BEGIN RECORDS SUPPLIED

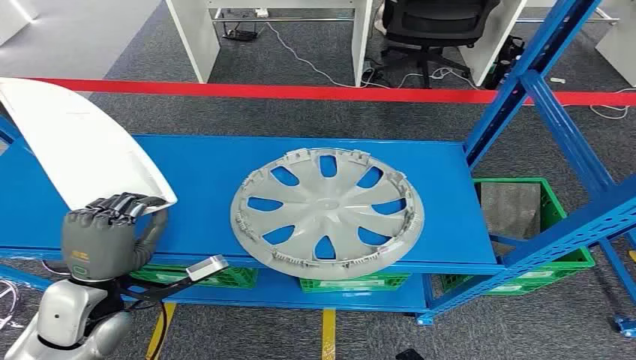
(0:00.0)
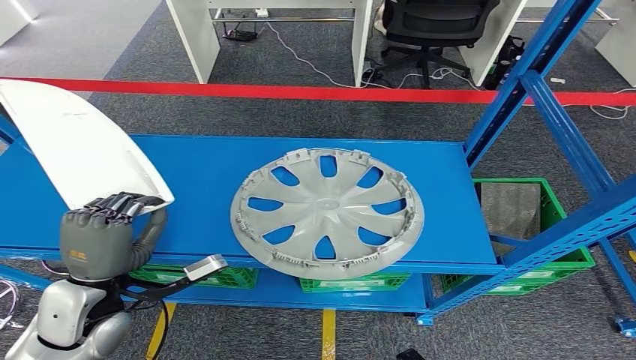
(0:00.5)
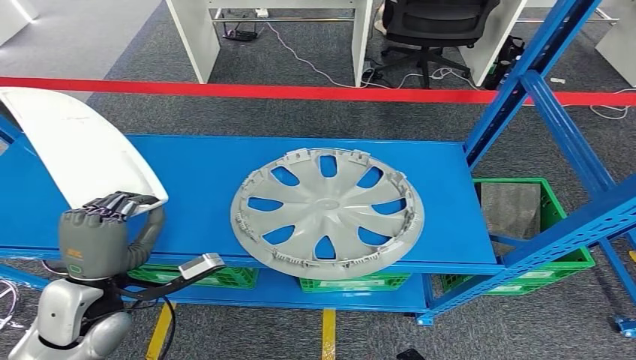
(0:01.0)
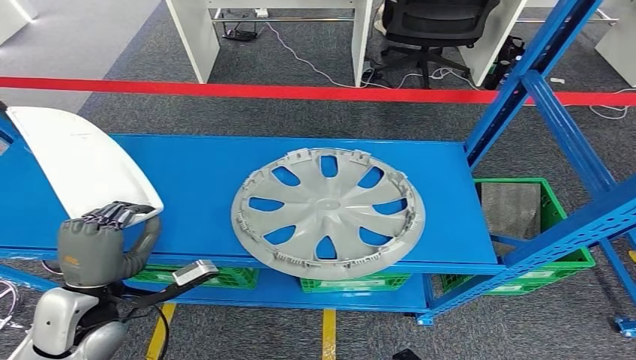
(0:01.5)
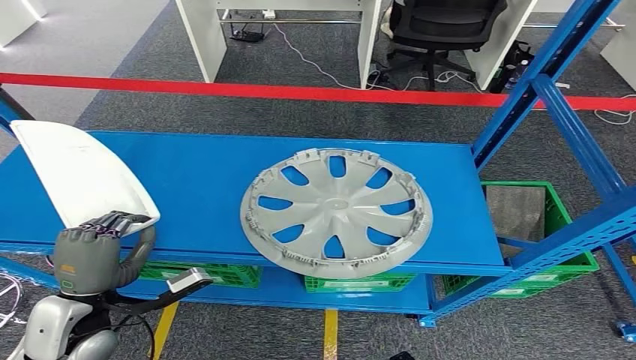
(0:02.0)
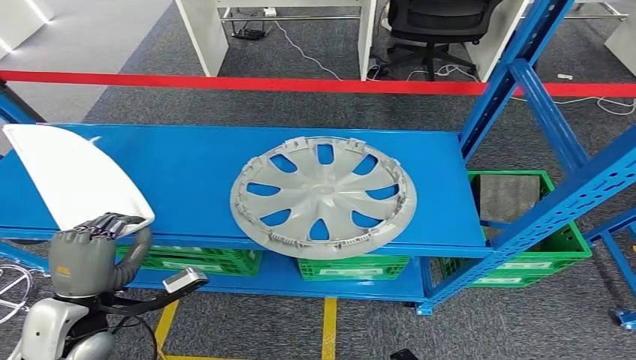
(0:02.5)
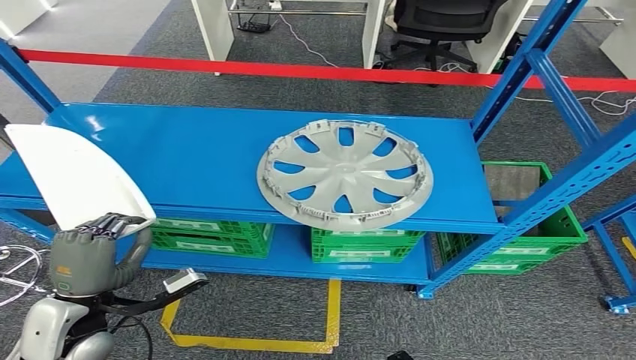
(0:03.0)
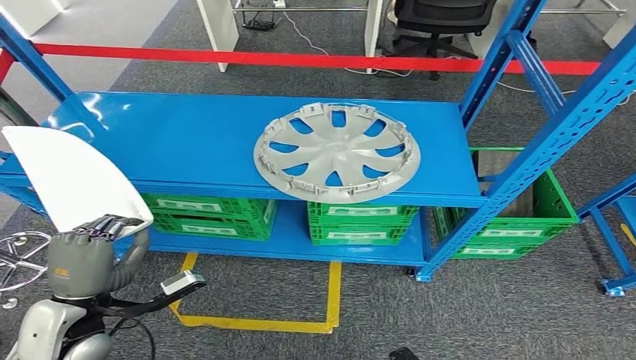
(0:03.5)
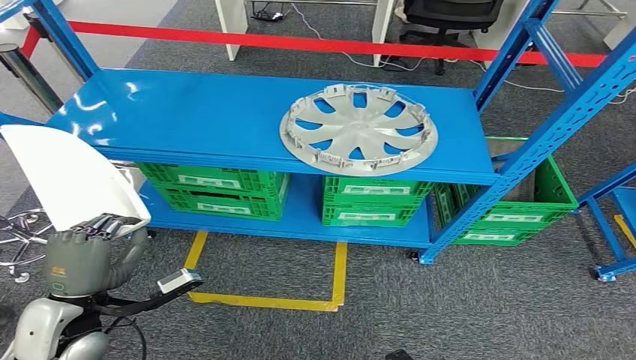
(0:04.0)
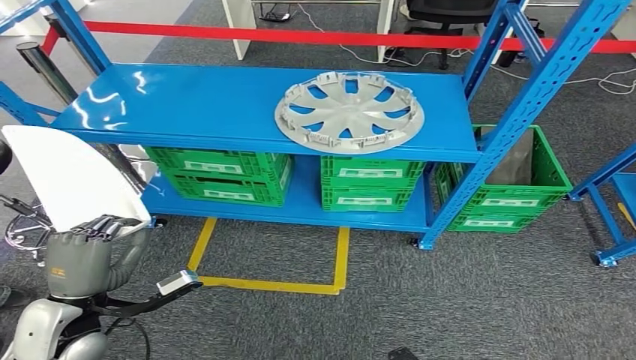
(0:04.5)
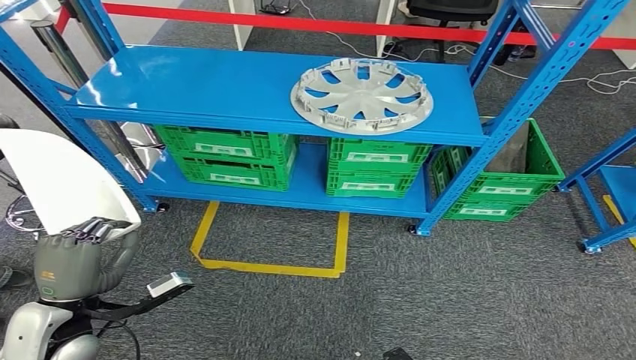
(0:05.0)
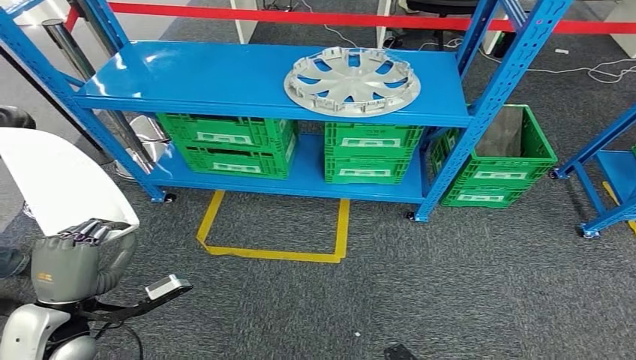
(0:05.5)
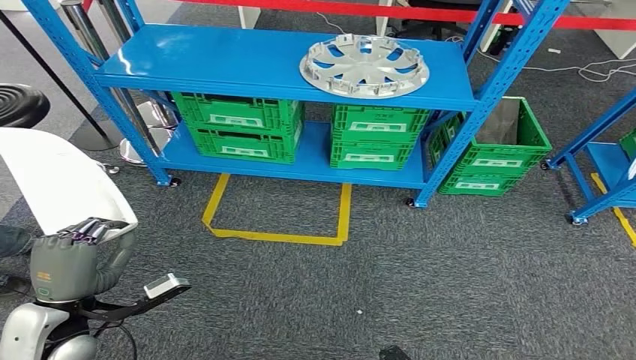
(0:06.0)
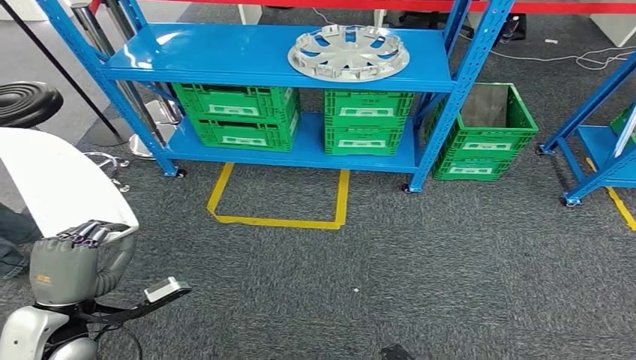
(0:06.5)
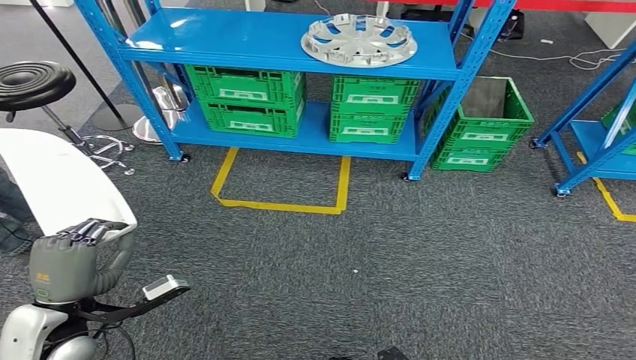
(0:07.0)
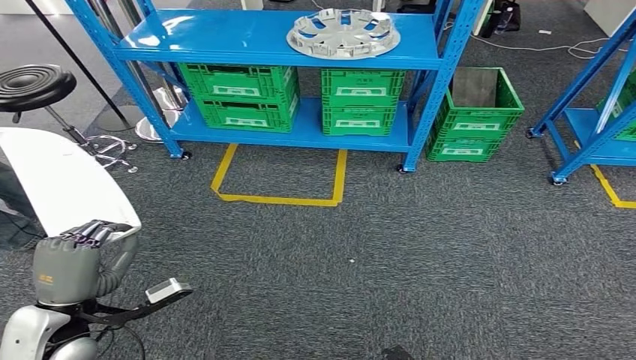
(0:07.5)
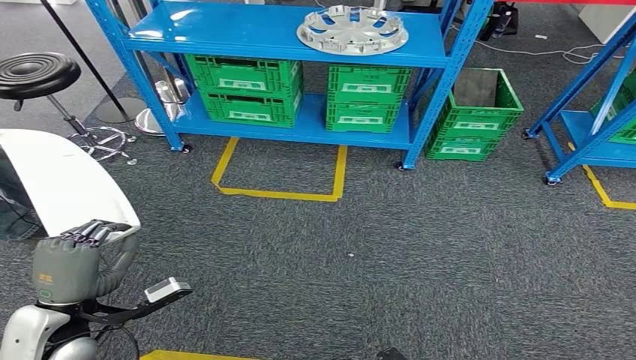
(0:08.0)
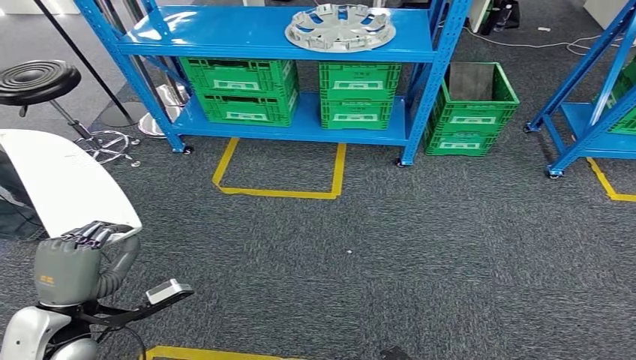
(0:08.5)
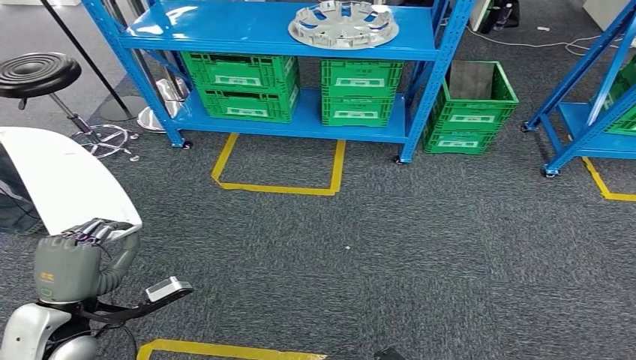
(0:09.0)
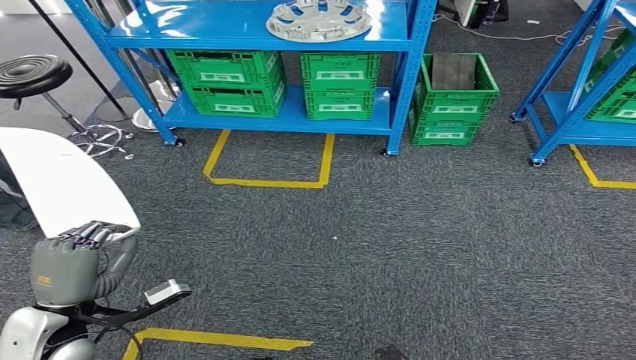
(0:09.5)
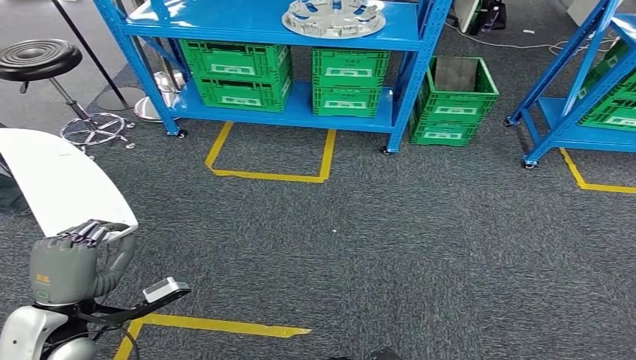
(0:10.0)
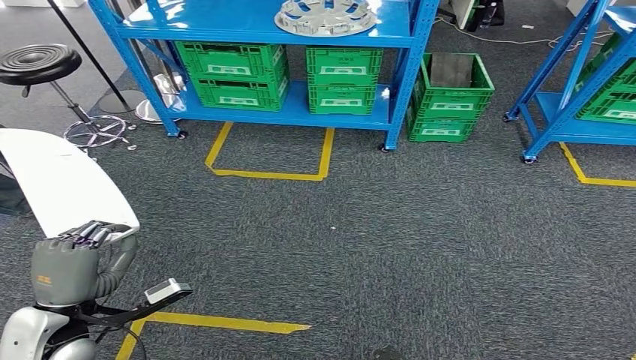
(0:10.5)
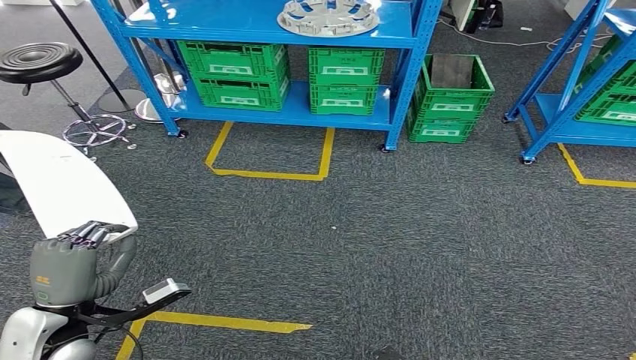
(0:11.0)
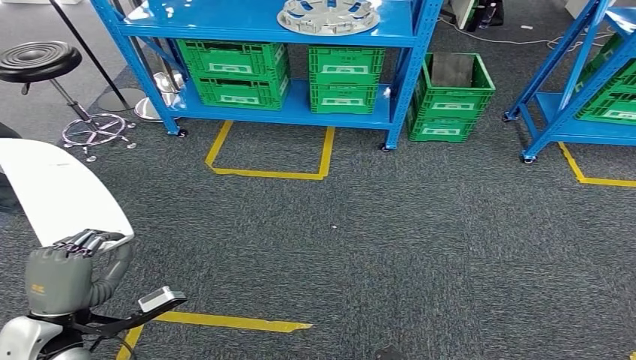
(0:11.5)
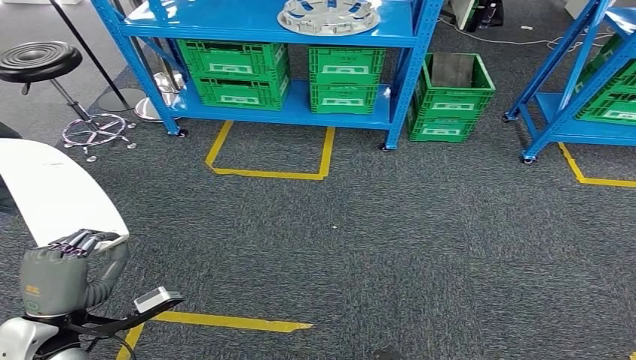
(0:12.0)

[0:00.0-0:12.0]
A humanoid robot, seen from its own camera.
Step, 0:00.0 to 0:01.5: Take small components from the rack.
0:10.0 to 0:12.0: There are only small adjustments of the hands.

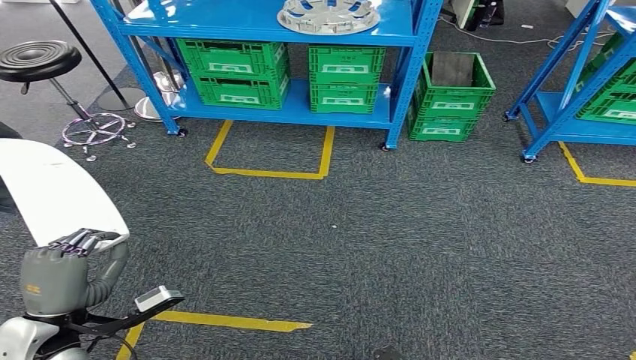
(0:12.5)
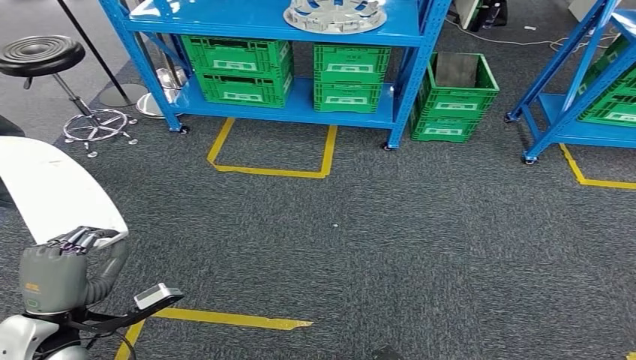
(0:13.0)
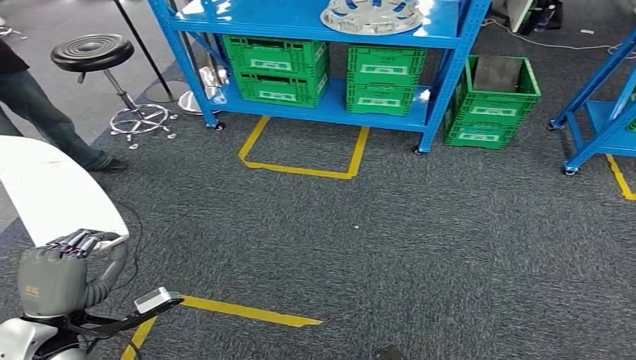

END RECORDS SUPPLIED

Output every entry above exactly as written, but omit the pictures.

(0:00.0)
(0:00.5)
(0:01.0)
(0:01.5)
(0:02.0)
(0:02.5)
(0:03.0)
(0:03.5)
(0:04.0)
(0:04.5)
(0:05.0)
(0:05.5)
(0:06.0)
(0:06.5)
(0:07.0)
(0:07.5)
(0:08.0)
(0:08.5)
(0:09.0)
(0:09.5)
(0:10.0)
(0:10.5)
(0:11.0)
(0:11.5)
(0:12.0)

[0:00.0-0:12.0]
A humanoid robot, seen from its own camera.
Step, 0:00.0 to 0:01.5: Take small components from the rack.
0:10.0 to 0:12.0: There are only small adjustments of the hands.

(0:12.5)
(0:13.0)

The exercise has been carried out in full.